The CausalStructure class provides the interface between dependencies, pandas data frames and the low-level Halerium object like Graph and Variable.

The causal structure will build a graph that respects the dependencies and expresses them mathematically via regression. For every element in the Dependencies a Variable with an internal name will be created. The CausalStructure instance allows the user to train and evaluate the underlying Graph without caring about the internal details.

Basic Usage#

The most important methods of the CausalStructure class are train, predict and evaluate_objective. Let’s go through a minimal example.

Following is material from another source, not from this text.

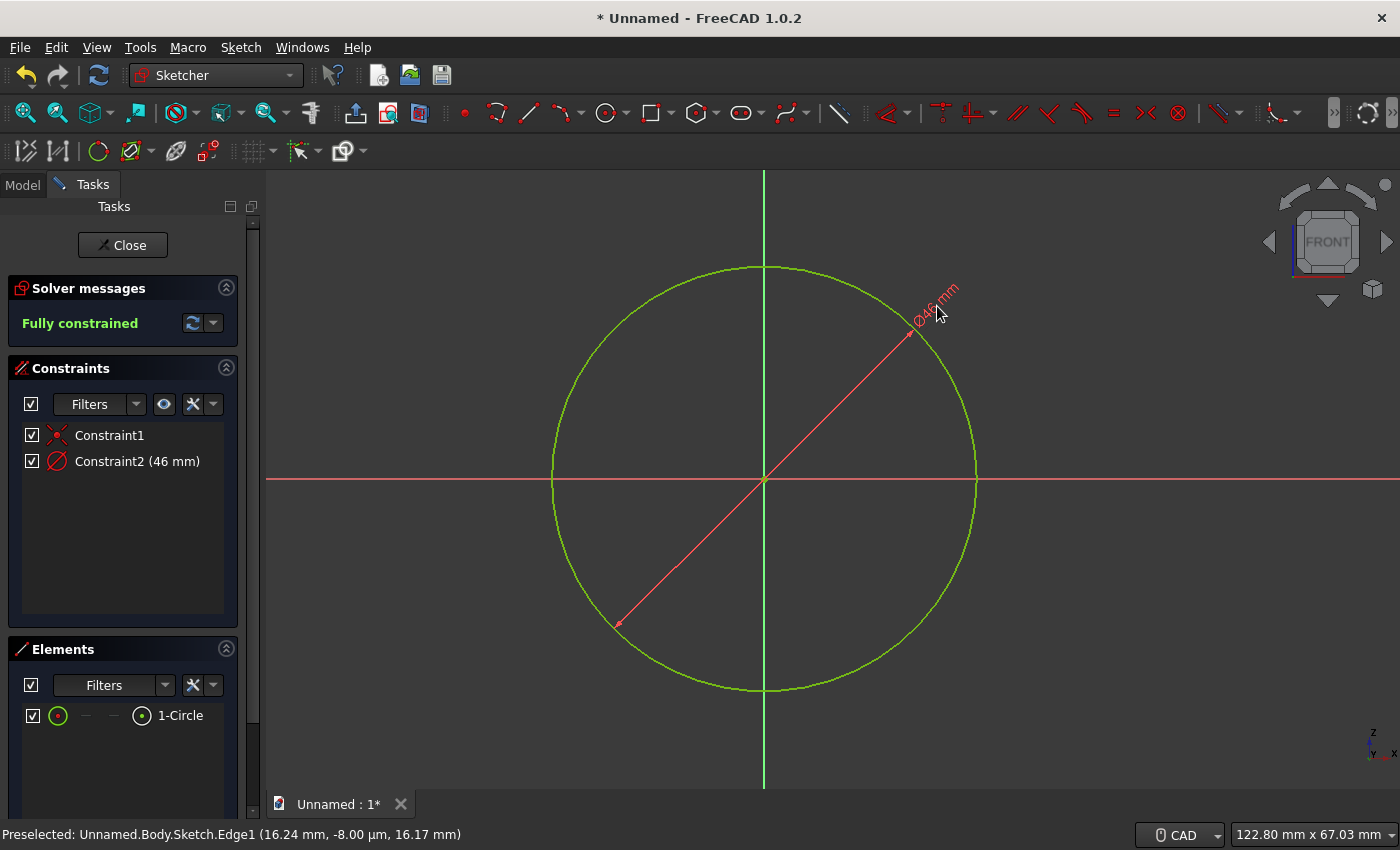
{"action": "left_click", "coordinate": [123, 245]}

Ideally the data are a pandas DataFrame.

[8]:
data = pd.DataFrame(columns=["a", "b", "c", "d"], index=range(5))
data[["a", "b"]] = np.random.randn(5,2)
data["c"] = data["a"] + 0.5 * data["b"]
data["d"] = data["a"]**2
data
[8]:
a b c d
0 0.0416837 1.07189 0.577627 0.00173753
1 -0.0564439 -0.379637 -0.246262 0.00318592
2 -1.06954 0.0600041 -1.03953 1.14391
3 0.526029 0.253401 0.65273 0.276706
4 0.153498 0.285647 0.296322 0.0235616

We instanciate the CausalStructure providing the assumed dependecy structure of the columns of your data frame. In this case we say columns “a” and “b” influence columns “c” and “d”.

[9]:
cs = CausalStructure([[{"a", "b"}, {"c", "d"}]])
cs
[9]:
CausalStructure([[{'a', 'b'}, 'c'],
                 [{'a', 'b'}, 'd']])

We train our causal structure by simply executing

[10]:
cs.train(data)

We can now get predictions from the underlying trained graph.

[11]:
input_data = data[["a","b"]]
input_data
[11]:
a b
0 0.0416837 1.07189
1 -0.0564439 -0.379637
2 -1.06954 0.0600041
3 0.526029 0.253401
4 0.153498 0.285647
[12]:
prediction = cs.predict(input_data)
prediction
[12]:
c a b d
0 0.578952 0.041684 1.071887 -0.011787
1 -0.234416 -0.056444 -0.379637 0.018212
2 -1.018916 -1.069536 0.060004 1.136911
3 0.616478 0.526029 0.253401 0.257356
4 0.301972 0.153498 0.285647 0.072325

The prediction always returns the values for all internal variables, not only the outputs.